Zamane insanlarını ve
yaptıklarını anlamak gerçekten çok zor… Dünyevileşme ve lüks içinde yaşamak
için elinden geleni yapmakla kalmaz; kendini, dünyasını ve bazen de ahireti
heba eder. Lüks araçlara binince, lüks binalarda oturunca ve lüks hayat sürünce
bütün dert ve sıkıntılarının bittiğini zanneder. Lüks, israf ve şatafat içinde
hayat standardını aklınca yükseltince, ondan medenisi yok zanneder. Lüks araçlara binince attığı havayı bakınca,
ne oldum delisine döner. İnsanlara tepeden bakmaya başlar ve kimse onu tutamaz.

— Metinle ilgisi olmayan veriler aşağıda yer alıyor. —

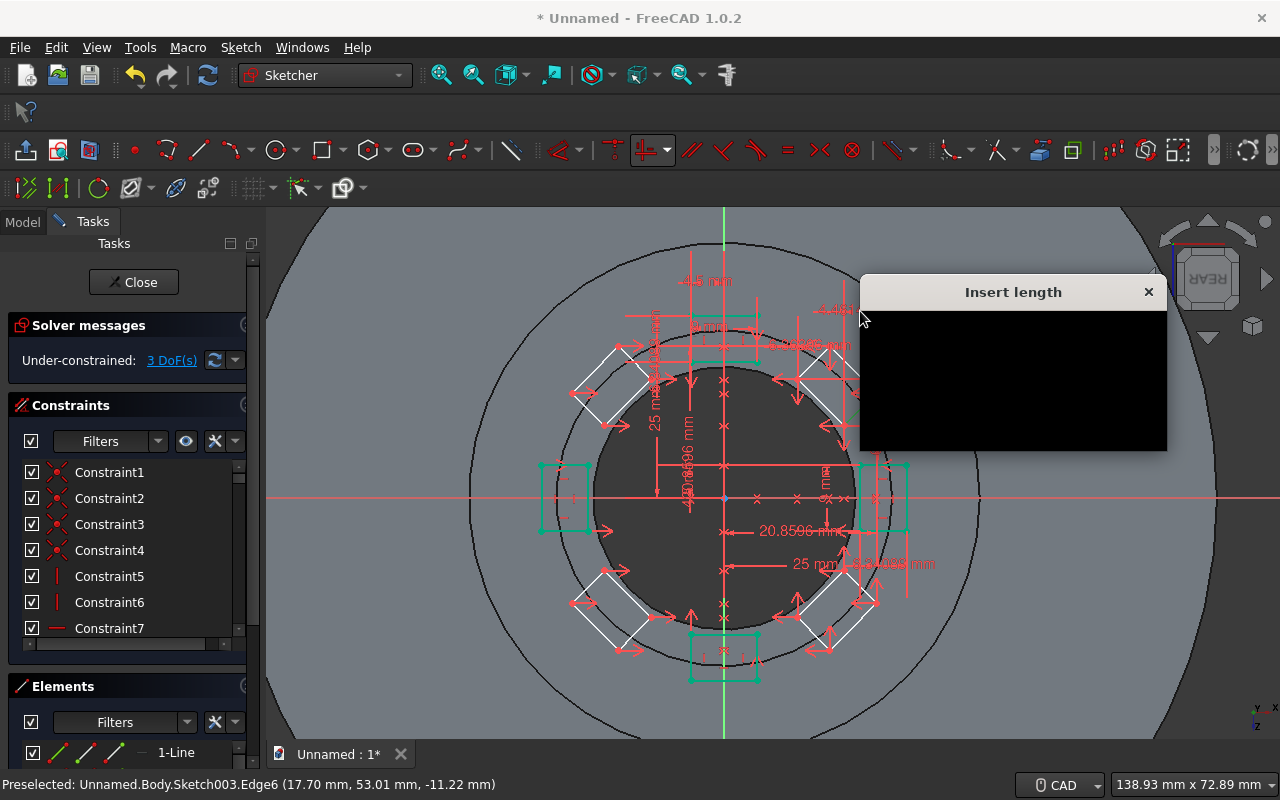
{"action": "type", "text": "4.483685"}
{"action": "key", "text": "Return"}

Medeni olabilmek için ilk başta
zihinsel olarak medeniyet köklerimize göre hareket etmek ve içinde yaşadığı
topluma ve başkalarına saygılı olmak gerekir. Yoksa lüks içinde yaşamakla kimse
medeni olmaz. En lüks araçlara binen sonradan görme kişiler, hiç utanmadan
sıkılmadan lüks araçlarından rastgele yola, sokağa çöpleri atarlar. En lüks
evlerde otururlar, her türlü konforu düşünürler lakin insan gibi hareket etmeyi
akletmezler. Burada yazmaya utandığımız eşyaları rastgele balkondan aşağıya
atmakta bir beis görmezler.
Oysa İslam ahlakının bizlere
öğrettiği taharet, nezafet, zarafet ve nezaket böyle davranmamızı yasaklamıyor
mu? Her şeyden önce ahlak ve yaşam ilkemiz ile eğitim sistemimizi İslam’a ve Peygamberimizin
sünnetine uygun tatbik edersek bu sorunlardan kurtulacağız. Ne çevreye zarar
verecek hareketlerde bulunuruz; ne de başkalarını kıskandırma adına nefsi
emaremize boyun eğerek hava atma yoluna gideriz.

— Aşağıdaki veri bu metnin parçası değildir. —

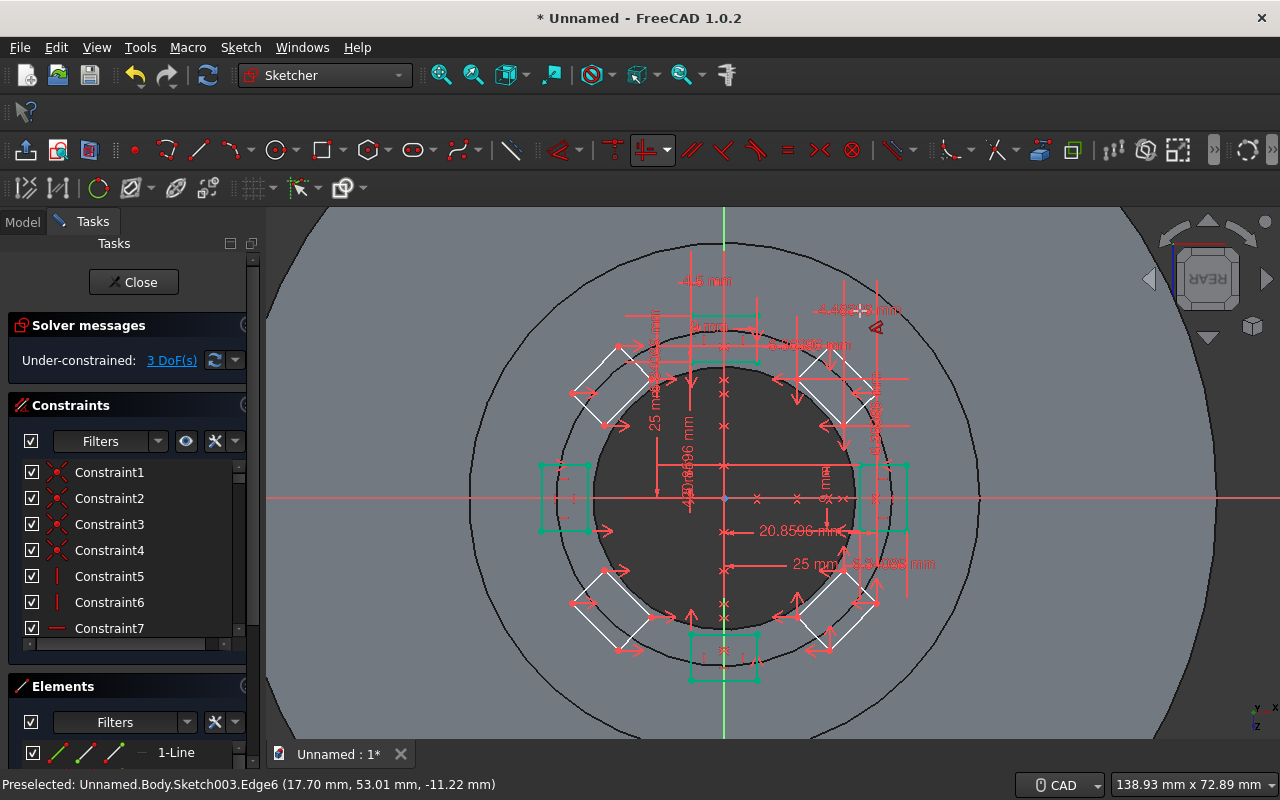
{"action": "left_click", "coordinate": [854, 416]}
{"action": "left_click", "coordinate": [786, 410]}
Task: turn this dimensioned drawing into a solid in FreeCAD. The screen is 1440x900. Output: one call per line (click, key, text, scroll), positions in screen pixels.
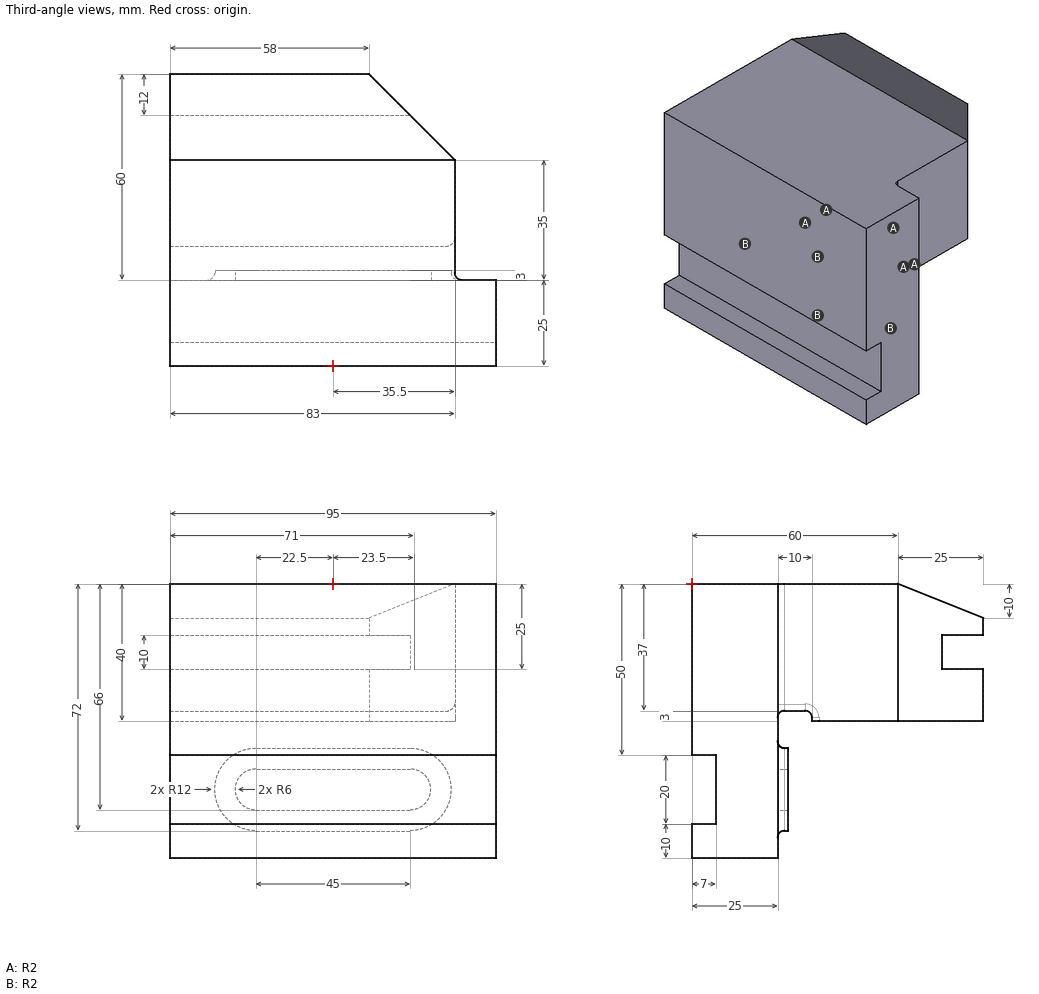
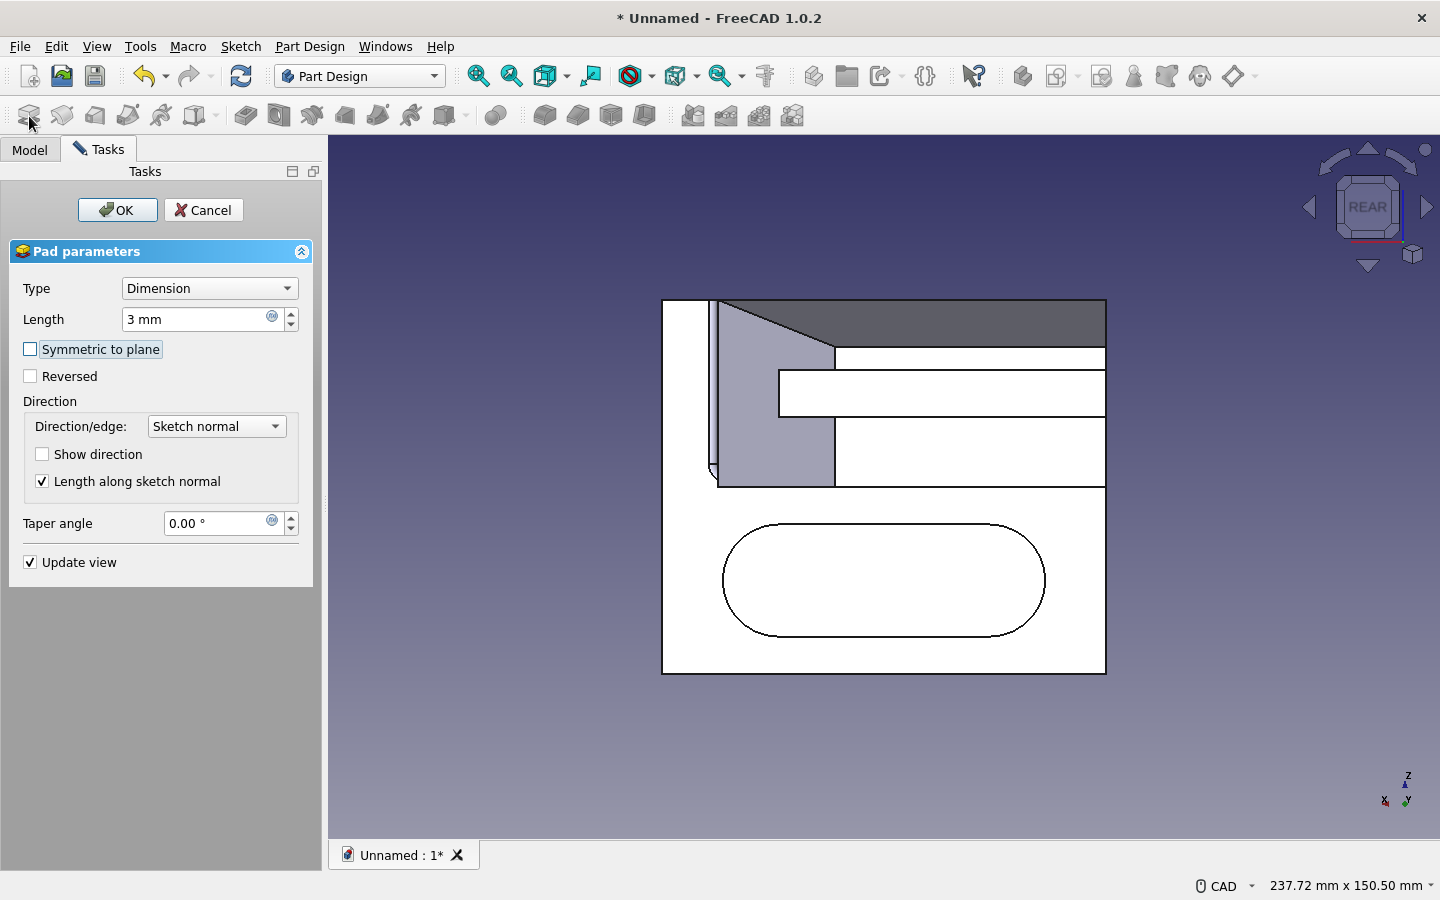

Yoldan geçen insan ve hayvanların
zarar görmemesi için yoldaki taşı kaldırmayı sevap sayan aziz dinimiz İslam’ın
zarafeti nerde, lüks içinde yaşayıp nezaket, zarafet ve ahlaki değerlerden
yoksun insanlarımız nerede?
Hayat tarzı ve maddiyatı yükselen
insanlarımız maalesef içinde bulundukları ve büyüdükleri toplum, akraba ve
akranlarını hor görmeye başlar ve yalnızlaşma yoluna giderler. Marifet yüksek
katlı şatafatlı binalarda, sitelerde oturmak, lüks ve pahalı araçlara binerek
hava atmak değil, marifet içinde bulunduğu toplumun değerlerine saygılı olup,
topluma fayda verecek adım ve projelere katkı sunmaktır. Yoksa “ben medeni
oldum”, “ben büyük adam oldum” demekle kimse ne medeni olur, ne de büyük adam
olur. Sadece insan kendini kandırır. Kendini Kaf dağında görenler alaşağı
olmaktan kurtulamazlar. Yüksekten düşüncede artık etraflarında kimseyi
bulamazlar. Medeni ve akıllı insan, ne oldum dememeli ne olacağım demeli ve
nereden hangi şartlarda geldiğini unutmamalıdır.
Bu fani dünyada maddi imkan ve
gücü verenin de, alanında ALLAH(CC) olduğunu bilelim de; bize hasbelkader
verilen makam ve zenginliğin imtihan gereği olduğunu unutmayalım. O yüzden
verilen nimetlerin hakkını, şükrünü ifa edelim. Kimseyi hor görmeyelim ve kibir
girdabında debelenerek kendimizi kimseden üstün görmeyelim.
Her şeyden önce komşu ve
çevremizdeki insanlara maddi ve manevi açıdan zarar vermeden yaşamayı
öğrenmeliyiz. Zenginlik nasip olursa da bunun ALLAH’tan geldiğini bilerek mal,
makam ve mülkün ALLAH’tan geldiğini bilerek; O’nun yolunda infak, zekat ve
sadaka vermekten geri durmayalım ki, imtihanı kazanalım. Aynı şekilde
yaşantımızda evveliyatımızdan daha çok mütevazi olma yoluna gitmeliyiz ki;
çevremizdeki insanlar bize kem gözle bakma yerine, dua etsinler.